Andererseits hat natürlich auch in Israel hellenistisches Gedankengut Einzug gehalten, das Auferstehung ohne Wiederherstellung des irdischen Leibes denken konnte. So erhofft Ijob bereits im spätestens 200 v. Chr. vorliegenden gleichnamigen Buch (19,25–27) die Schau Gottes außerhalb eines irdischen Leibes: Ohne meine Haut, die so zerfetzte, und ohne mein Fleisch werde ich Gott schauen. Und im zwischen 80 und 30 v. Chr. erschienenen Buch der Weisheit wird von den Seelen der Gerechten gesprochen, die in Gottes Hand sind und [die] keine Qualberühren [kann]. Sie sind in Friedenihre Hoffnung ist voll Unsterblichkeit (Weish 3,1–4).
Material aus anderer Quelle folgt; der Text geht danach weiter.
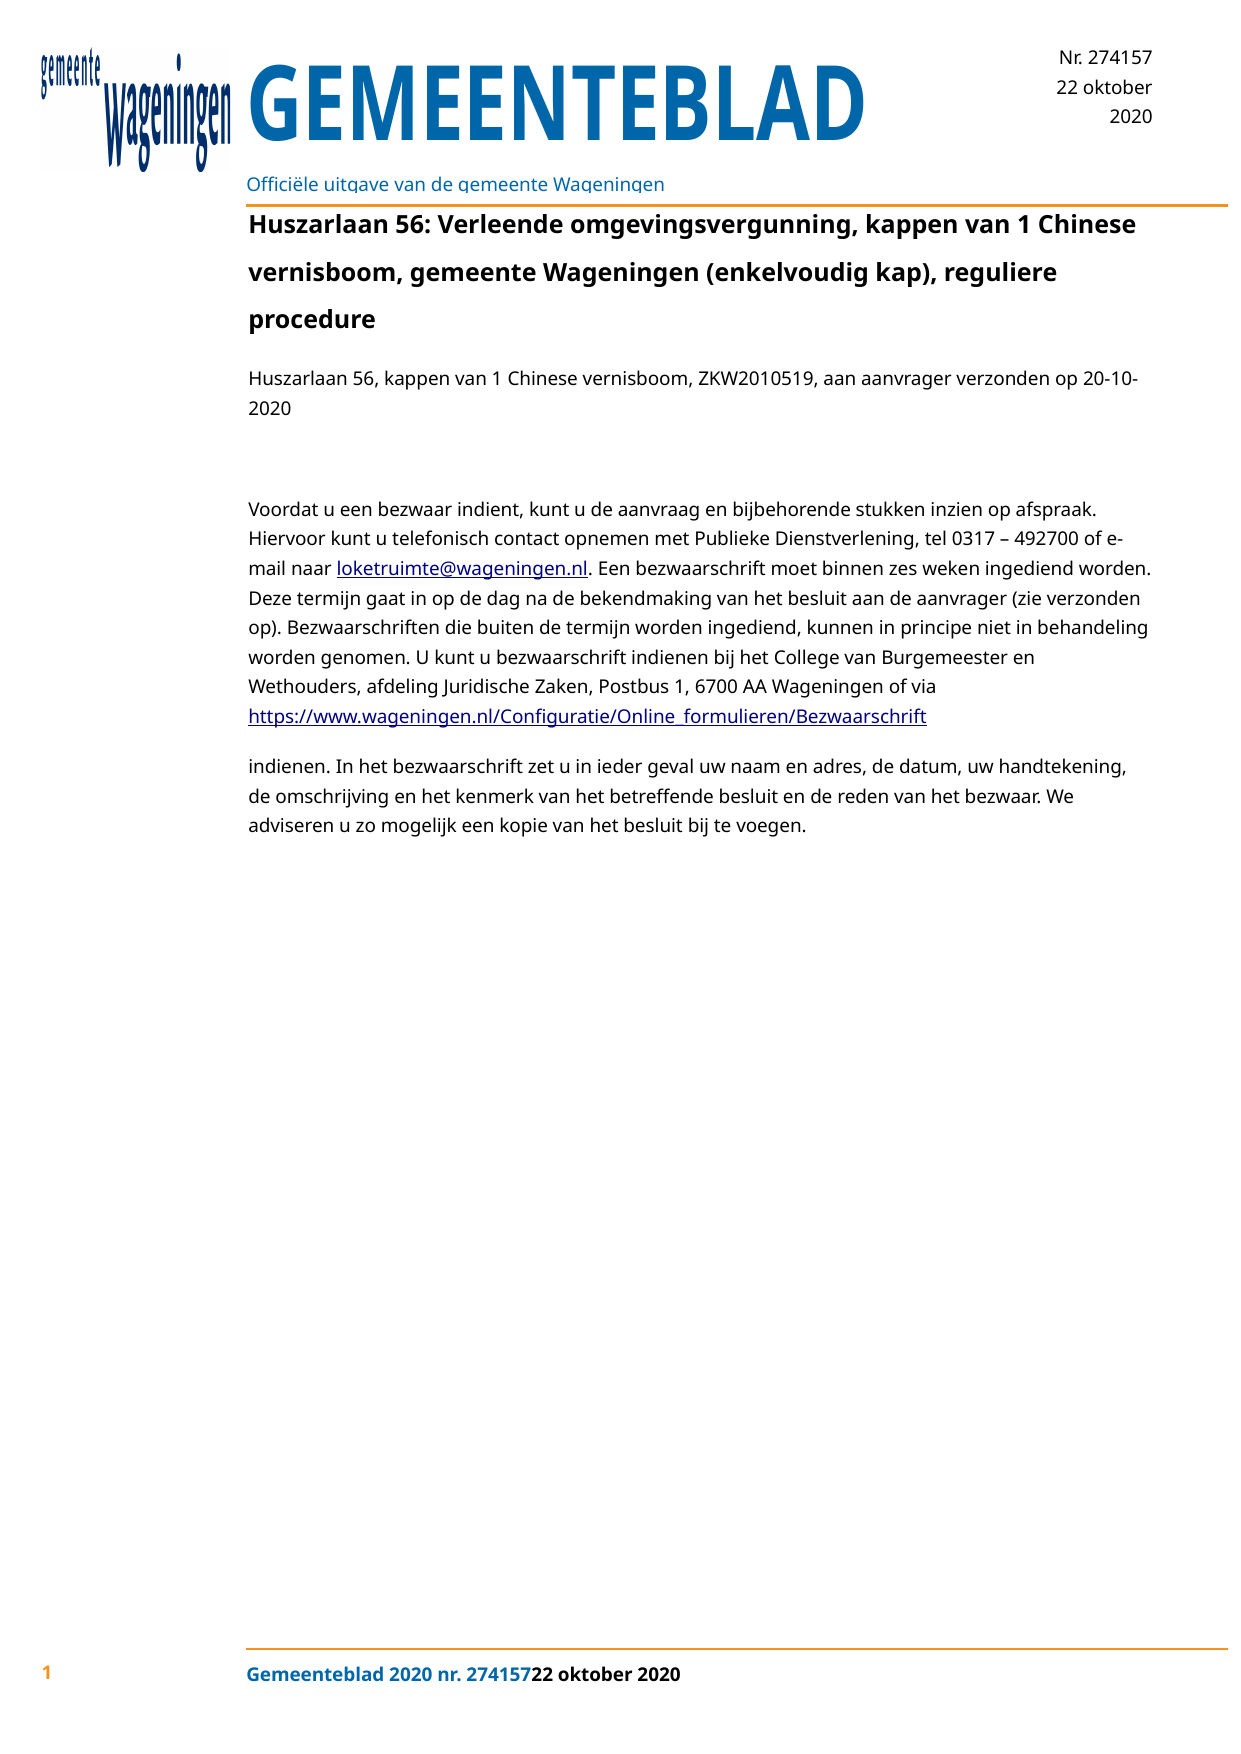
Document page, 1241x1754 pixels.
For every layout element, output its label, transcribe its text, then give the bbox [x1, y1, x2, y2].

Diese Texte können ein Leben nach dem Tod ohne den irdischen Leib denken. Und auch Jesus geht unter Zustimmung eines pharisäischen Schriftgelehrten (Mk 12,28) davon aus, dass die von den Toten Auferstandenen wie Engel im Himmel sind (Mk 12,25) und nicht mehr benötigen, was einmal ihr irdischer Leib war. Darf man nach über 300 Jahren hellenistischer Beeinflussung annehmen, dass für die meisten Zeitgenossen Jesu die Frage des leeren Grabes nicht mehr relevant war? Schon gar nicht angesichts der Verkündigung einer Auferstehung, deren Ton ja nicht auf dem persönlichen Fortleben Jesu liegt, sondern darauf, dass dieser Jesus aus Nazareth der Herr und Messias (Apg 2,36) ist, [den ihr] durch die Hand von Gesetzlosen ans Kreuz geschlagen und umgebracht (Apg 2,23) habt, dass er der Sohn Gottes ist, der Kunde gebracht hat vom „Vater“, der Gottheit, deren Namen kein Zeitgenosse Jesu wagte auszusprechen.

Das ist ungefähr der Stand der Diskussion. Die Frage ist nicht zu entscheiden, für mich selber und meinen Glauben ist sie nicht relevant, ein historisch leeres Grab wäre kein Gewinn. Doch hat die Botschaft vom „leeren Grab“ eine Bedeutung immer gehabt: Sie lässt aufmerken und fordert zur Auseinandersetzung heraus.

9 Weitere Belege aus der Mitte des 1. Jahrhunderts sind: Gal 1,1; 1 Kor 6,14; 15,12.15.20; 2 Kor 4,14; Röm 4,24.

10 Bei Johannes und Matthäus sind Maria Magdalena (Joh 20,11–18) bzw. diese und eine „andere Maria“ (Mt 28,9f) die ersten, denen der Auferstandene erscheint.

11 Gnilka, EKK II/2, S. 340.

12 Ebd.

13 Ex 20,18–20; Jes 6,5; Lk 1,12.29.

14 Rudolf Otto, Das Heilige.

15 GÜ 175.

16 „Quidquid recipitur per modum recipientis recipitur.“ Summa theologica I q. 12 a. 4.

17 Siehe zum Thema der Konstruktion einer Eigenwelt auch das Kapitel „Idiopolis“ in meinem Buch „Der spirituelle Weg“.